Theratechnologies’ Board of Directors, having received the unanimous recommendation of the Special Committee, has unanimously determined that the Transaction is in the best interests of the Company and is fair to its shareholders (other than those shareholders whose votes are required to be excluded for the purposes of "minority approval" under MI 61-101), and unanimously recommends that the Company’s shareholders approve the Transaction.

Each of Barclays Capital Inc., as exclusive financial advisor to the Company and the Special Committee, and Raymond James Ltd., retained to provide independent financial advisory services to the Special Committee, has provided a fairness opinion to the Board of Directors and the Special Committee to the effect that, as at July 2, 2025, and based upon and subject to the assumptions, limitations and qualifications stated therein, the consideration to be received by shareholders pursuant to the Transaction is fair, from a financial point of view, to the shareholders of the Company.

Copies of the fairness opinions, as well as additional details regarding the terms and conditions of the Transaction, will be set out in the management proxy circular to be filed by the Company on its profile on SEDAR+ at www.sedarplus.ca and on EDGAR as an exhibit to the Schedule 13E-3 Transaction Statement to be filed by the Company at www.sec.gov.

Advisors

Barclays Capital Inc. is acting as exclusive financial advisor to the Company and to the Special Committee, and Raymond James Ltd. is acting as independent financial advisor to the Special Committee.
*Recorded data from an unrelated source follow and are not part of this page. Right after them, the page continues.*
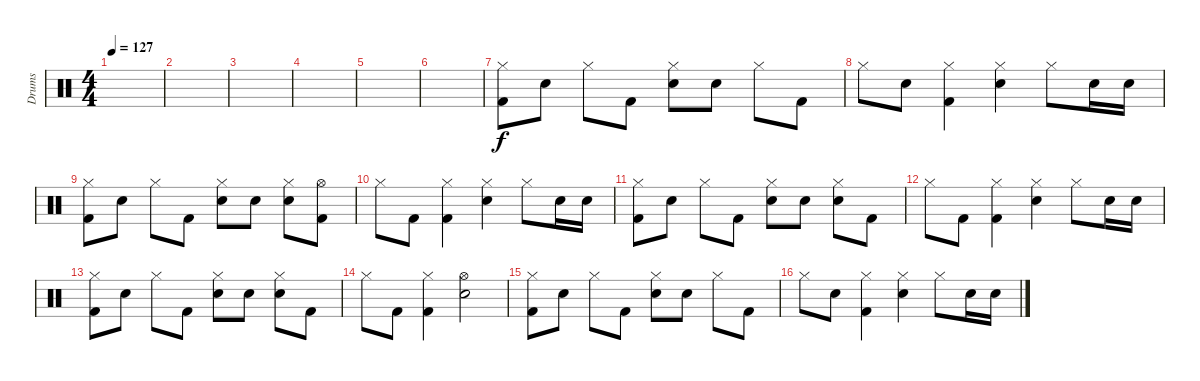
\track ("Drums" "Drums") {instrument percussion}
\staff {score}
\articulation defaults
\ts (4 4)
\tempo 127
\clef neutral
\ks c
|
|
|
|
|
|
("Hi-Hat (closed)" "Kick (hit) 2").8{dy f} "Electric Snare (hit)".8 "Hi-Hat (closed)".8 "Kick (hit) 2".8 ("Hi-Hat (closed)" "Electric Snare (hit)").8 "Electric Snare (hit)".8 "Hi-Hat (closed)".8 "Kick (hit) 2".8 |
"Hi-Hat (closed)".8 "Electric Snare (hit)".8 ("Hi-Hat (closed)" "Kick (hit) 2").4 ("Hi-Hat (closed)" "Electric Snare (hit)").4 "Hi-Hat (closed)".8 "Electric Snare (hit)".16 "Electric Snare (hit)".16 |
("Hi-Hat (closed)" "Kick (hit) 2").8 "Electric Snare (hit)".8 "Hi-Hat (closed)".8 "Kick (hit) 2".8 ("Hi-Hat (closed)" "Electric Snare (hit)").8 "Electric Snare (hit)".8 ("Hi-Hat (closed)" "Electric Snare (hit)").8 ("Hi-Hat (open)" "Kick (hit) 2").8 |
"Hi-Hat (closed)".8 "Kick (hit) 2".8 ("Hi-Hat (closed)" "Kick (hit) 2").4 ("Hi-Hat (closed)" "Electric Snare (hit)").4 "Hi-Hat (closed)".8 "Electric Snare (hit)".16 "Electric Snare (hit)".16 |
("Hi-Hat (closed)" "Kick (hit) 2").8 "Electric Snare (hit)".8 "Hi-Hat (closed)".8 "Kick (hit) 2".8 ("Hi-Hat (closed)" "Electric Snare (hit)").8 "Electric Snare (hit)".8 ("Hi-Hat (closed)" "Electric Snare (hit)").8 "Kick (hit) 2".8 |
"Hi-Hat (closed)".8 "Kick (hit) 2".8 ("Hi-Hat (closed)" "Kick (hit) 2").4 ("Hi-Hat (closed)" "Electric Snare (hit)").4 "Hi-Hat (closed)".8 "Electric Snare (hit)".16 "Electric Snare (hit)".16 |
("Hi-Hat (closed)" "Kick (hit) 2").8 "Electric Snare (hit)".8 "Hi-Hat (closed)".8 "Kick (hit) 2".8 ("Hi-Hat (closed)" "Electric Snare (hit)").8 "Electric Snare (hit)".8 ("Hi-Hat (closed)" "Electric Snare (hit)").8 "Kick (hit) 2".8 |
"Hi-Hat (closed)".8 "Kick (hit) 2".8 ("Hi-Hat (closed)" "Kick (hit) 2").4 ("Hi-Hat (open)" "Electric Snare (hit)").2 |
("Hi-Hat (closed)" "Kick (hit) 2").8 "Electric Snare (hit)".8 "Hi-Hat (closed)".8 "Kick (hit) 2".8 ("Hi-Hat (closed)" "Electric Snare (hit)").8 "Electric Snare (hit)".8 "Hi-Hat (closed)".8 "Kick (hit) 2".8 |
"Hi-Hat (closed)".8 "Electric Snare (hit)".8 ("Hi-Hat (closed)" "Kick (hit) 2").4 ("Hi-Hat (closed)" "Electric Snare (hit)").4 "Hi-Hat (closed)".8 "Electric Snare (hit)".16 "Electric Snare (hit)".16

Fasken Martineau DuMoulin LLP is acting as legal advisor to the Company and the Special Committee, and Norton Rose Fulbright Canada LLP is acting as independent legal advisor to the Special Committee. Bourne Partners Securities is acting as exclusive financial advisor to Future Pak and Honigman LLP and McMillan LLP are acting as its legal advisors. DPO&Co provided transaction advisory services to Future Pak.